Ces exemptions sont accordées par une décision de la Commission après consultation du comité consultatif ou par une décision du Conseil qui impose des mesures et restent applicables pendant la période et dans les conditions qui y sont mentionnées.

[...] »

5 L’article 18, paragraphe 1, de ce règlement prévoyait :

« Lorsqu’une partie intéressée refuse l’accès aux informations nécessaires ou ne les fournit pas dans les délais prévus par le présent règlement ou fait obstacle de façon significative à l’enquête, des conclusions préliminaires ou finales, positives ou négatives, peuvent être établies sur la base des données disponibles. [...] »

Les règlements antidumping relatifs aux bicyclettes et le règlement litigieux

6 Au cours de l’année 1993, le Conseil de l’Union européenne a institué un droit antidumping définitif de 30,6 % sur les importations dans l’Union de bicyclettes originaires de Chine. Par la suite, ce droit a été maintenu au même niveau. Au cours de l’année 2005, ledit droit a été relevé à un taux de 48,5 %. Il a été maintenu à ce dernier niveau par le règlement d’exécution (UE) no 990/2011 du Conseil, du 3 octobre 2011, instituant un droit antidumping définitif sur les importations de bicyclettes originaires de la République populaire de Chine à l’issue d’un réexamen au titre de l’expiration des mesures effectué en vertu de l’article 11, paragraphe 2, du règlement (CE) no 1225/2009 (JO 2011, L 261, p. 2).

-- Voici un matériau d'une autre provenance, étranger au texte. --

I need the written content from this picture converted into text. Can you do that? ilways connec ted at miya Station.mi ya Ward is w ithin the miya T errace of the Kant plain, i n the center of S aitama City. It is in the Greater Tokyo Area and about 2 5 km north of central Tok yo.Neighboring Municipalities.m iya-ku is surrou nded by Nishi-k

7 Saisie d’une demande, la Commission a adopté, le 25 septembre 2012, le règlement (UE) no 875/2012 ouvrant une enquête concernant l’éventuel contournement des mesures antidumping instituées par le règlement d’exécution no 990/2011 par des importations de bicyclettes expédiées d’Indonésie, de la Malaisie, du Sri Lanka et de la Tunisie, qu’elles aient ou non été déclarées originaires de l’Indonésie, de la Malaisie, du Sri Lanka et de la Tunisie, et soumettant ces importations à enregistrement (JO 2012, L 258, p. 21).

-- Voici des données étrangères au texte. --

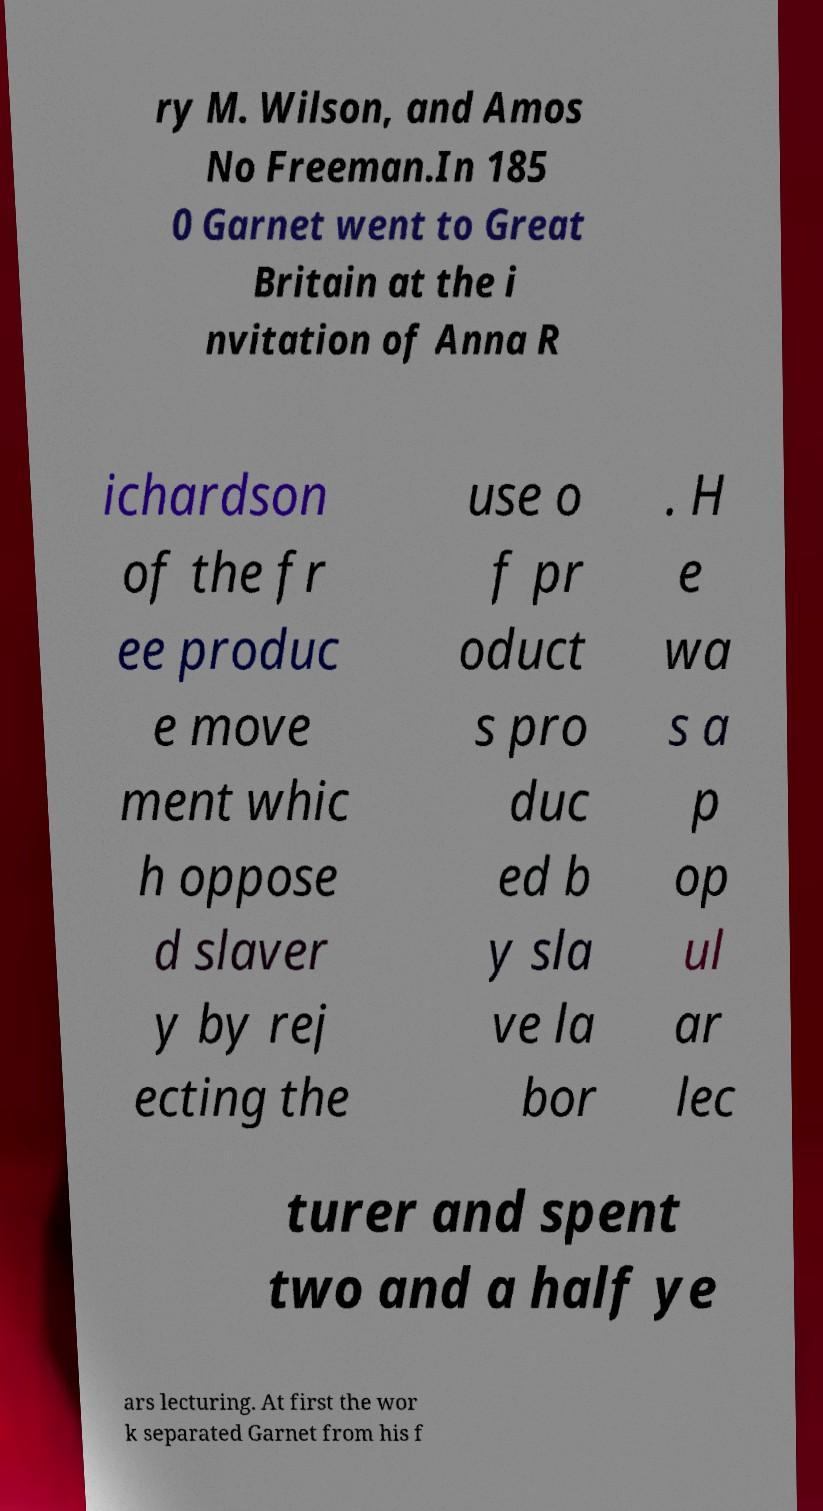Could you extract and type out the text from this image? ry M. Wilson, and Amos No Freeman.In 185 0 Garnet went to Great Britain at the i nvitation of Anna R ichardson of the fr ee produc e move ment whic h oppose d slaver y by rej ecting the use o f pr oduct s pro duc ed b y sla ve la bor . H e wa s a p op ul ar lec turer and spent two and a half ye ars lecturing. At first the wor k separated Garnet from his f

8 Au terme de cette enquête, le Conseil a adopté, le 29 mai 2013, le règlement litigieux.

9 Il ressort du considérant 22 de ce règlement que la Commission a procédé à des visites de vérification sur place auprès de six sociétés sri-lankaises, parmi lesquelles figurait Kelani Cycles.

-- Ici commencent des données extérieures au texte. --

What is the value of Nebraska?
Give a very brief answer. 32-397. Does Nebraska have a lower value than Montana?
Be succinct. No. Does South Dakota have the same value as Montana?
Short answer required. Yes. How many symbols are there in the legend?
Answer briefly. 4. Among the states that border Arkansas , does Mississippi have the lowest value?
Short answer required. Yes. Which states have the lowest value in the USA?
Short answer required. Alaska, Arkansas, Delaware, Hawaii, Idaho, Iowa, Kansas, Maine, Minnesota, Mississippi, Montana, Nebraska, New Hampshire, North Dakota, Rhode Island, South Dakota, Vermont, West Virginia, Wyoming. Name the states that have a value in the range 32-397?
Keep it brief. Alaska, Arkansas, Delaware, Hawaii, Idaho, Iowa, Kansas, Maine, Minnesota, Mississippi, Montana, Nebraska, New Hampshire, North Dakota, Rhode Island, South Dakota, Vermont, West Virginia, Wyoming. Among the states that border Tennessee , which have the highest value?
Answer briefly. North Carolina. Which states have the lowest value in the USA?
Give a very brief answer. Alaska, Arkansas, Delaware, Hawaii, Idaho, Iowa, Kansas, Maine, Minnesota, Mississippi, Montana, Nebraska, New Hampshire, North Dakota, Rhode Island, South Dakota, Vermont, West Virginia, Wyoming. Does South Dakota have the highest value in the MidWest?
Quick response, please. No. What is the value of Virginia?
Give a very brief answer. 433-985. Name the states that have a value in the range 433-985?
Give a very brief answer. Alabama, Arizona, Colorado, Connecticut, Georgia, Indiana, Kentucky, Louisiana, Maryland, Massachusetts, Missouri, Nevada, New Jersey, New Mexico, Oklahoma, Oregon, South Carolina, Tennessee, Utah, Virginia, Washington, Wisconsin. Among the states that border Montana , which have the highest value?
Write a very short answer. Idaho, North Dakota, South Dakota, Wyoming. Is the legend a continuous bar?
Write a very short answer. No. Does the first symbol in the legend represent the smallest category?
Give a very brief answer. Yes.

10 Aux considérants 35 à 42 dudit règlement, le Conseil a indiqué, en substance, s’agissant du degré de coopération des sociétés sri-lankaises, que, parmi les six sociétés sri-lankaises ayant introduit une demande d’exemption au titre de l’article 13, paragraphe 4, du règlement de base, seules trois ont été considérées comme ayant coopéré. Pour ces trois sociétés, l’une ayant retiré sa demande d’exemption et les deux autres n’ayant pas coopéré de manière satisfaisante, les conclusions ont été fondées sur les données disponibles, conformément à l’article 18 du règlement de base.

11 Au considérant 58 du règlement litigieux, le Conseil a conclu à l’existence d’une modification de la configuration des échanges entre le Sri Lanka et l’Union, au sens de l’article 13, paragraphe 1, du règlement de base.

12 Aux considérants 77 à 82 du règlement litigieux, le Conseil a analysé la nature des pratiques de contournement à l’origine de cette modification de la configuration des échanges entre ce pays tiers et l’Union.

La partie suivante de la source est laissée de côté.